Dia memaparkan, pembinaan sepak bola usia muda di Indonesia perlu dilakukan secara berjenjang, mulai dari usia dini hingga usia remaja. Pembinaan di usia dini (U-10) berfokus pada pengembangan keterampilan dasar. Sementara di usia remaja (U-12 sampai U-17) anak-anak mulai dilatih untuk fokus pada pengembangan taktik dan fisik.

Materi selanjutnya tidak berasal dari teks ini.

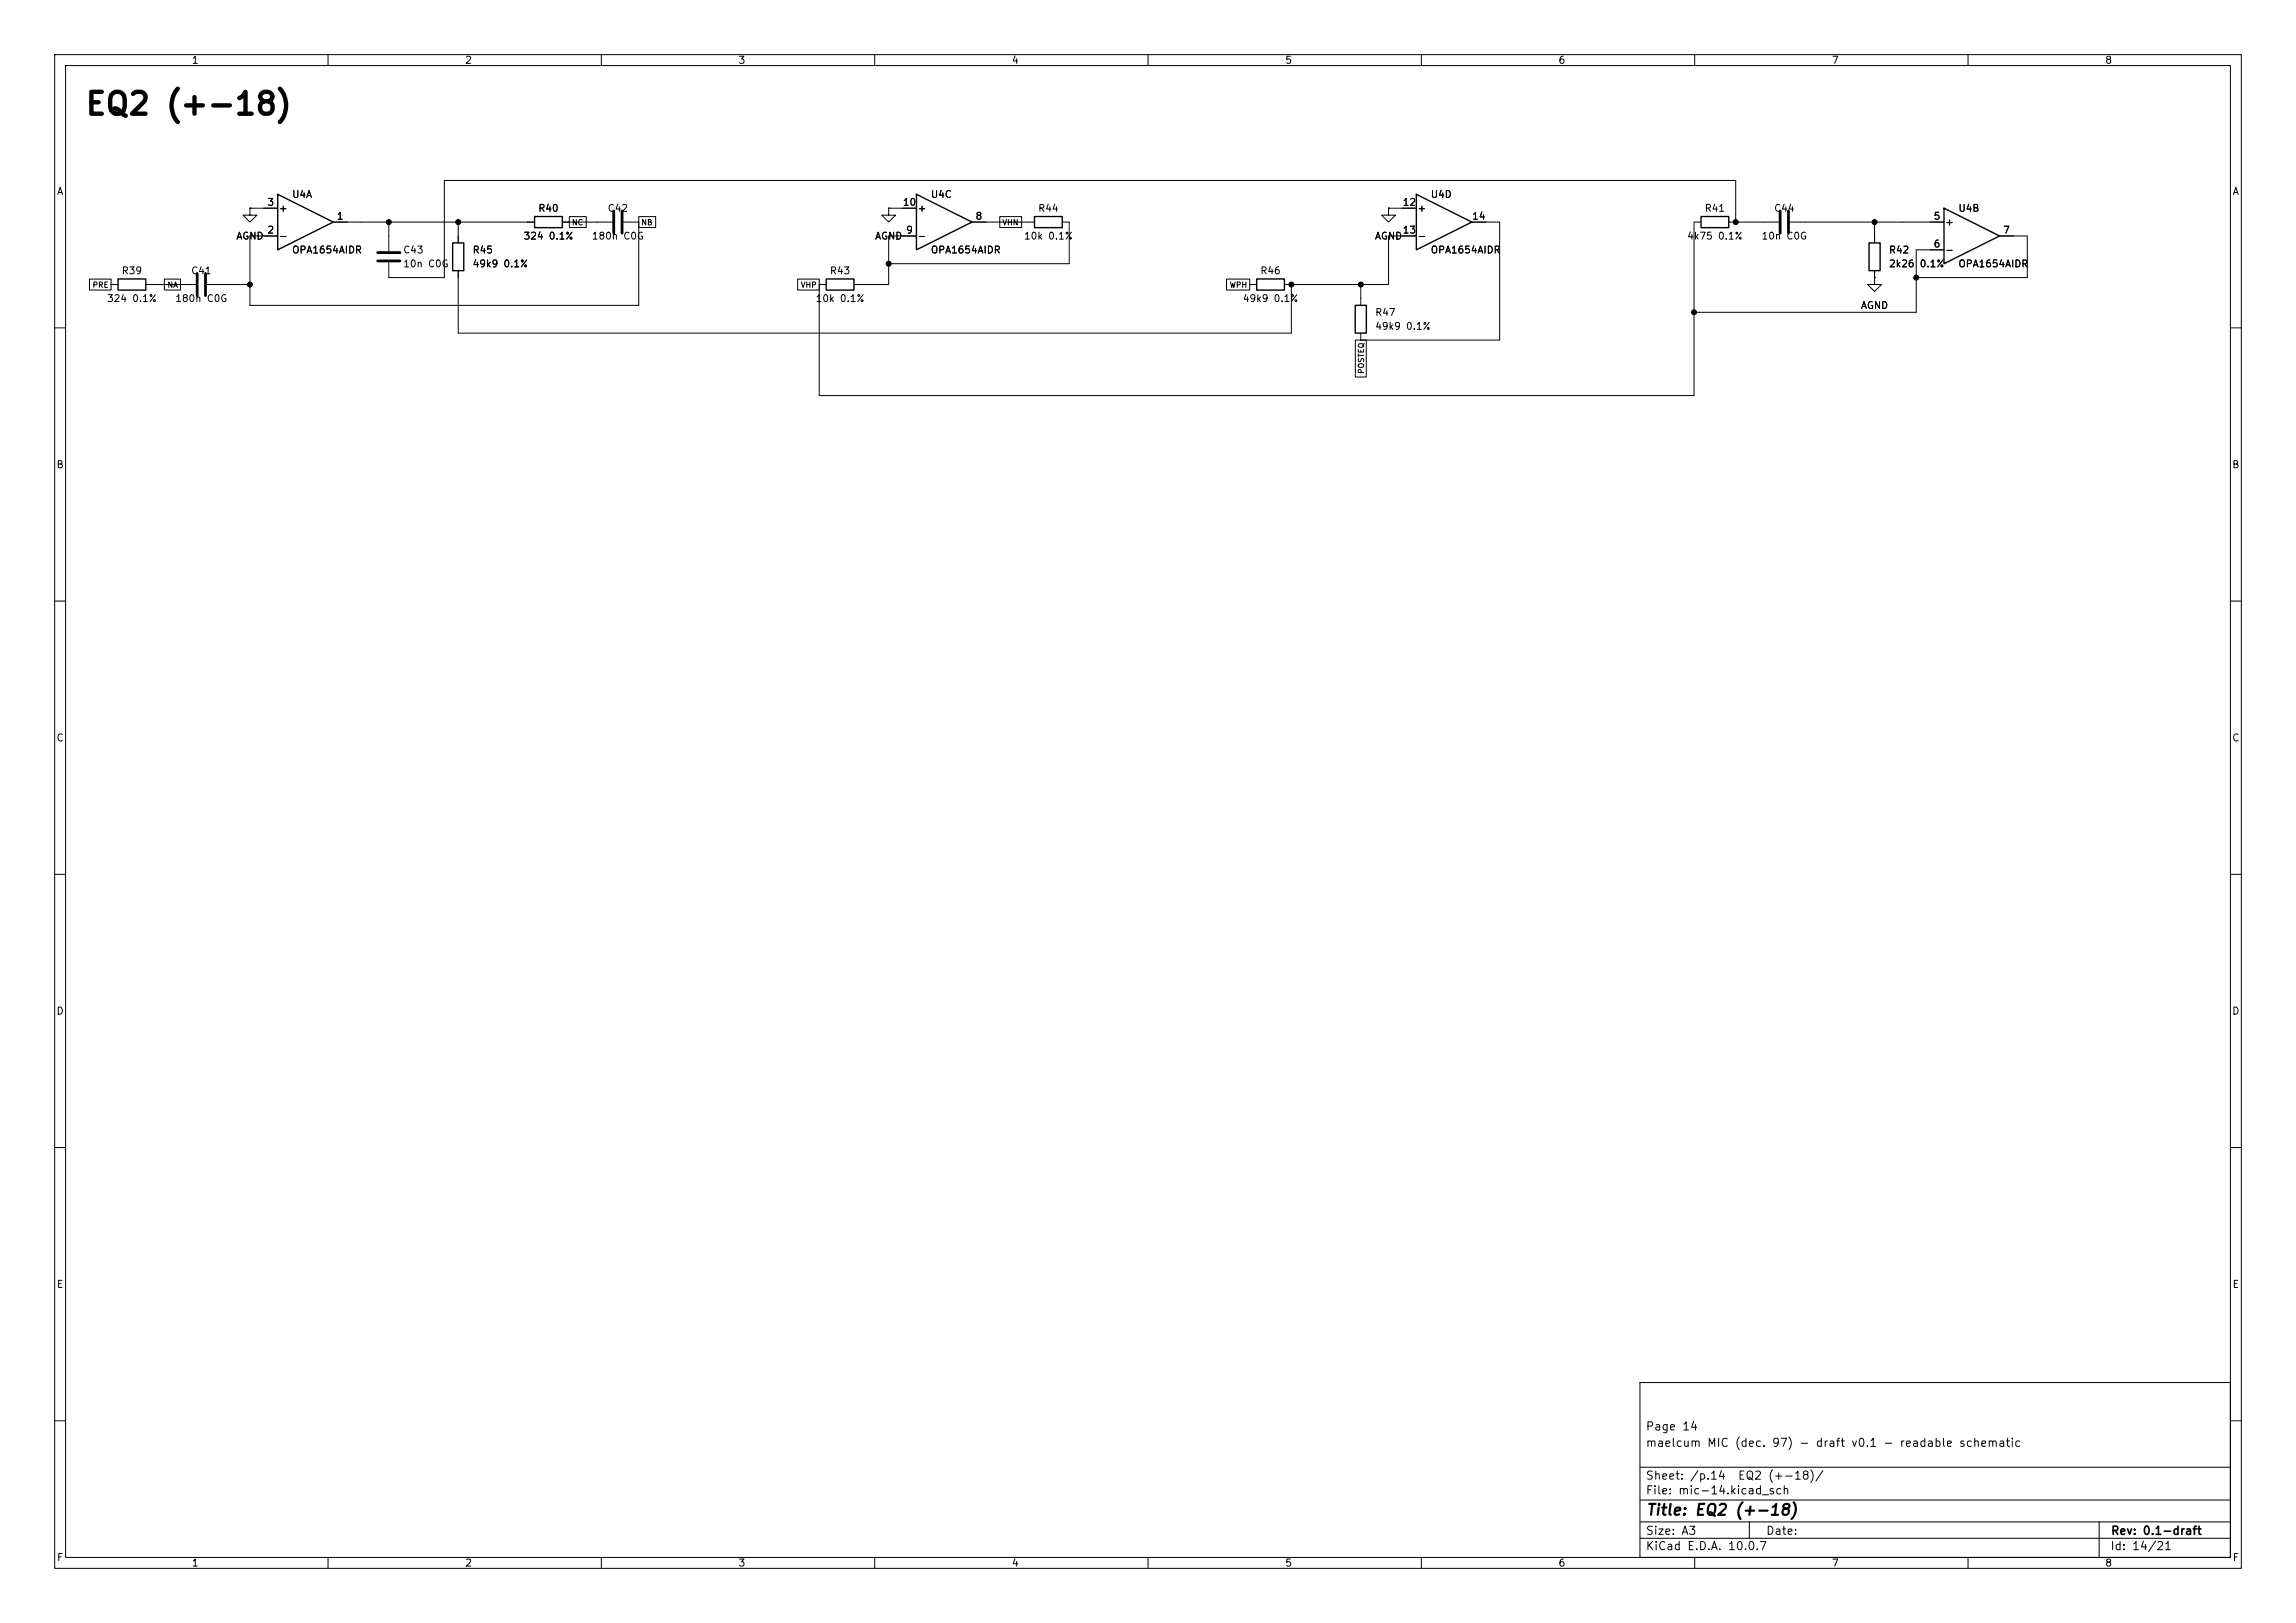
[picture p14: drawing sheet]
<svg xmlns="http://www.w3.org/2000/svg" width="420mm" height="297mm" viewBox="0 0 420 297" stroke-linecap="round" stroke-linejoin="round" font-family="sans-serif">
<defs><g id="words">
<text font-size="4" x="15.4" y="22">EQ2 (+-18)</text>
<text font-size="2" x="301" y="277.8">Title: EQ2 (+-18)</text>
<g font-size="1.5">
<text x="300.9" y="262.1">Page 14</text>
<text x="300.9" y="265.1">maelcum MIC (dec. 97) - draft v0.1 - readable schematic</text>
<text x="300.9" y="273.8">File: mic-14.kicad_sch</text>
<text x="300.9" y="271.1">Sheet: /p.14</text>
<text x="317.8" y="271.1">EQ2 (+-18)/</text>
<text x="300.9" y="281.2">Size: A3</text>
<text x="322.9" y="281.2">Date:</text>
<text x="386" y="281.2">Rev: 0.1-draft</text>
<text x="300.9" y="284">KiCad E.D.A. 10.0.7</text>
<text x="385.9" y="284">Id: 14/21</text>
</g>
<g font-size="1.3">
<text x="35" y="12">1</text>
<text x="85" y="12">2</text>
<text x="135" y="12">3</text>
<text x="185" y="12">4</text>
<text x="235" y="12">5</text>
<text x="285" y="12">6</text>
<text x="335" y="12">7</text>
<text x="385" y="12">8</text>
<text x="10.3" y="36">A</text>
<text x="408.3" y="36">A</text>
<text x="48.8" y="38">3</text>
<text x="50.9" y="39.1">+</text>
<text x="53.3" y="36.5">U4A</text>
<text x="61.5" y="40.5">1</text>
<text x="98.4" y="39.1">R40</text>
<text x="111.1" y="39.1">C42</text>
<text x="165" y="38">10</text>
<text x="167.7" y="39.1">+</text>
<text x="170.2" y="36.5">U4C</text>
<text x="178.3" y="40.5">8</text>
<text x="189.8" y="39.1">R44</text>
<text x="256.5" y="38">12</text>
<text x="259.2" y="39.1">+</text>
<text x="261.6" y="36.5">U4D</text>
<text x="269.2" y="40.5">14</text>
<text x="311.7" y="39.1">R41</text>
<text x="324.4" y="39.1">C44</text>
<text x="353.6" y="40.5">5</text>
<text x="355.7" y="41.6">+</text>
<text x="358.1" y="39.1">U4B</text>
<text x="43.1" y="44.1">AGND</text>
<text x="48.8" y="43">2</text>
<text x="50.9" y="44.1">-</text>
<text x="53.3" y="46.7">OPA1654AIDR</text>
<text x="73.6" y="46.7">C43</text>
<text x="86.3" y="46.7">R45</text>
<text x="95.7" y="44.1">324 0.1%</text>
<text x="108.2" y="44.1">180n C0G</text>
<text x="160" y="44.1">AGND</text>
<text x="165.6" y="43">9</text>
<text x="167.7" y="44.1">-</text>
<text x="170.2" y="46.7">OPA1654AIDR</text>
<text x="187.2" y="44.1">10k 0.1%</text>
<text x="251.4" y="44.1">AGND</text>
<text x="256.5" y="43">13</text>
<text x="259.2" y="44.1">-</text>
<text x="261.6" y="46.7">OPA1654AIDR</text>
<text x="308.5" y="44.1">4k75 0.1%</text>
<text x="322.1" y="44.1">10n C0G</text>
<text x="345.4" y="46.7">R42</text>
<text x="353.6" y="45.6">6</text>
<text x="355.7" y="46.7">-</text>
<text x="366.3" y="43">7</text>
<text x="22.2" y="50.5">R39</text>
<text x="34.9" y="50.5">C41</text>
<text x="73.6" y="49.2">10n C0G</text>
<text x="86.3" y="49.2">49k9 0.1%</text>
<text x="151.7" y="50.5">R43</text>
<text x="230.4" y="50.5">R46</text>
<text x="345.4" y="49.2">2k26</text>
<text x="351" y="49.2">0.1%</text>
<text x="358.1" y="49.2">OPA1654AIDR</text>
<text x="19.5" y="55.6">324 0.1%</text>
<text x="32" y="55.6">180n C0G</text>
<text x="149.1" y="55.6">10k 0.1%</text>
<text x="227.2" y="55.6">49k9 0.1%</text>
<text x="251.4" y="58.1">R47</text>
<text x="340.3" y="56.8">AGND</text>
<text x="251.4" y="60.7">49k9 0.1%</text>
<text x="10.2" y="86">B</text>
<text x="408.2" y="86">B</text>
<text x="10.2" y="136">C</text>
<text x="408.2" y="136">C</text>
<text x="10.2" y="186">D</text>
<text x="408.2" y="186">D</text>
<text x="10.3" y="236">E</text>
<text x="408.3" y="236">E</text>
<text x="10.3" y="286">F</text>
<text x="35" y="287">1</text>
<text x="85" y="287">2</text>
<text x="135" y="287">3</text>
<text x="185" y="287">4</text>
<text x="235" y="287">5</text>
<text x="285" y="287">6</text>
<text x="335" y="287">7</text>
<text x="385" y="287">8</text>
<text x="408.3" y="286">F</text>
</g>
<g font-size="1">
<text x="104.5" y="41.5">NC</text>
<text x="117.2" y="41.5">NB</text>
<text x="183.3" y="41.5">VHN</text>
<text x="16.8" y="52.9">PRE</text>
<text x="30.5" y="52.9">NA</text>
<text x="146.4" y="52.9">VHP</text>
<text x="224.8" y="52.9">WPH</text>
<text x="249.7" y="68.5" transform="rotate(-90 249.7 68.5)">POSTEQ</text>
</g>
</g></defs>
<g fill="none" stroke="#000" stroke-width=".18">
<path d="M10 10h400v277h-400zM12 12h396v273h-396zM60 10v2M110 10v2M160 10v2M210 10v2M260 10v2M310 10v2M360 10v2M45.7 38.1v1.3h1.3l-1.3 1.2-1.3-1.2h1.3M45.7 38.1h.1M45.7 38.1h5.1"/>
<path d="M104.1 39.6h3.1v2h-3.1zM116.8 39.6h3.1v2h-3.1zM162.6 38.1v1.3h1.2l-1.2 1.2-1.3-1.2h1.3M162.6 38.1h.1M162.6 38.1h5M182.9 39.6h4v2h-4zM254 38.1v1.3h1.3l-1.3 1.2-1.3-1.2h1.3M254 38.1h.1M254 38.1h5.1M16.4 51.1h3.9v2h-3.9zM20.3 52.1h1.3M26.7 52.1h9.1"/>
<path d="M30.1 51.1h2.9v2h-2.9zM37.8 52.1h7.9M61 40.6h36.8M71.1 40.6v5.4M83.8 40.6v3.9M83.8 49.5v11.5h152.4v-8.9M102.9 40.6h9.1M114 40.6h2.8M116.8 40.6v15.3h-71.1v-12.7h5.1M145.9 51.1h4v2h-4zM149.9 52.1h1.2M167.6 43.2h-5v8.9h-6.4"/>
<path d="M177.8 40.6h11.4M194.3 40.6h1.3v7.7h-33M224.4 51.1h4.2v2h-4.2zM228.6 52.1h1.3M248.9 52.1v3.8M259.1 43.2h-5.1v8.9h-19.1M269.2 40.6h5.1v21.6h-25.4M311.1 40.6h-1.2v31.8h-160v-20.3M316.2 40.6h9.2M317.5 40.6v-7.6h-236.2v17.8h-10.2v-2.8M327.4 40.6h28.2M342.9 50.8v1.3h1.3l-1.3 1.2-1.3-1.2h1.3"/>
<path d="M342.9 50.8h.1M342.9 40.6v3.9M342.9 49.5v1.3M355.6 45.7h-5.1v11.5h-40.6M365.8 43.2h5v7.6h-20.3M10 60h2M247.9 62.2h2v6.8h-2zM248.9 61v1.2M408 60h2M10 110h2M408 110h2M10 160h2"/>
<path d="M408 160h2M10 210h2M408 210h2M300 253h108v32h-108zM10 260h2M300 278.5h108M300 274.5h108M300 268.5h108M320 278.5v3M384 278.5v6.5M408 260h2M60 285v2"/>
<path d="M110 285v2M160 285v2M210 285v2M260 285v2M300 281.5h108M310 285v2M360 285v2"/>
</g>
<g fill="none" stroke="#000" stroke-width=".25">
<path d="M50.8 35.6l10.2 5-10.2 5.1zM97.8 39.6h5.1v2.1h-5.1zM167.6 35.6l10.2 5-10.2 5.1zM189.2 39.6h5.1v2.1h-5.1zM259.1 35.6l10.1 5-10.1 5.1zM311.1 39.6h5.1v2.1h-5.1zM355.6 38.1l10.2 5.1-10.2 5.1zM21.6 51.1h5.1v2h-5.1zM82.8 44.5h2v5h-2zM151.1 51.1h5.1v2h-5.1zM229.9 51.1h5v2h-5zM247.9 55.9h2v5.1h-2z"/>
<path d="M341.9 44.5h2v5h-2z"/>
</g>
<path d="M112.3 38.6v4.1M113.8 38.6v4.1M325.6 38.6v4.1M327.2 38.6v4.1M36.1 50v4.1M37.6 50v4.1M69.1 46.2h4.1M69.1 47.8h4.1" fill="none" stroke="#000" stroke-width=".51"/>
<g fill="#000" stroke="#000" stroke-width=".18">
<circle cx="45.7" cy="52.1" r=".46"/>
<circle cx="71.1" cy="40.6" r=".46"/>
<circle cx="83.8" cy="40.6" r=".46"/>
<circle cx="162.6" cy="48.3" r=".46"/>
<circle cx="236.2" cy="52.1" r=".46"/>
<circle cx="248.9" cy="52.1" r=".46"/>
<circle cx="309.9" cy="57.2" r=".46"/>
<circle cx="317.5" cy="40.6" r=".46"/>
<circle cx="342.9" cy="40.6" r=".46"/>
<circle cx="350.5" cy="50.8" r=".46"/>
</g>
<use href="#words"/>
</svg>

Pembinaan sepak bola usia muda di Indonesia juga perlu dilakukan secara komprehensif, tidak hanya fokus pada aspek teknis, tetapi juga aspek taktik, fisik, mental, dan psikologis. “Selain itu, pembinaan juga perlu dilakukan secara berkelanjutan, sehingga bibit-bibit unggul yang muncul bisa terus berkembang dan meningkatkan kemampuannya,” paparnya.
Di samping pembinaan, Surono menambahkan, kompetisi sepak bola usia muda juga sangat penting untuk meningkatkan kualitas pemain. Kompetisi harus kompetitif dan memberikan tantangan yang sesuai dengan kemampuan pemain.
“Pada usia 10-12 tahun, kompetisi harus bersifat rekreasional dan menyenangkan. Kompetisi harus mendorong pemain untuk bermain sepak bola dengan semangat dan motivasi yang tinggi,” ujarnya.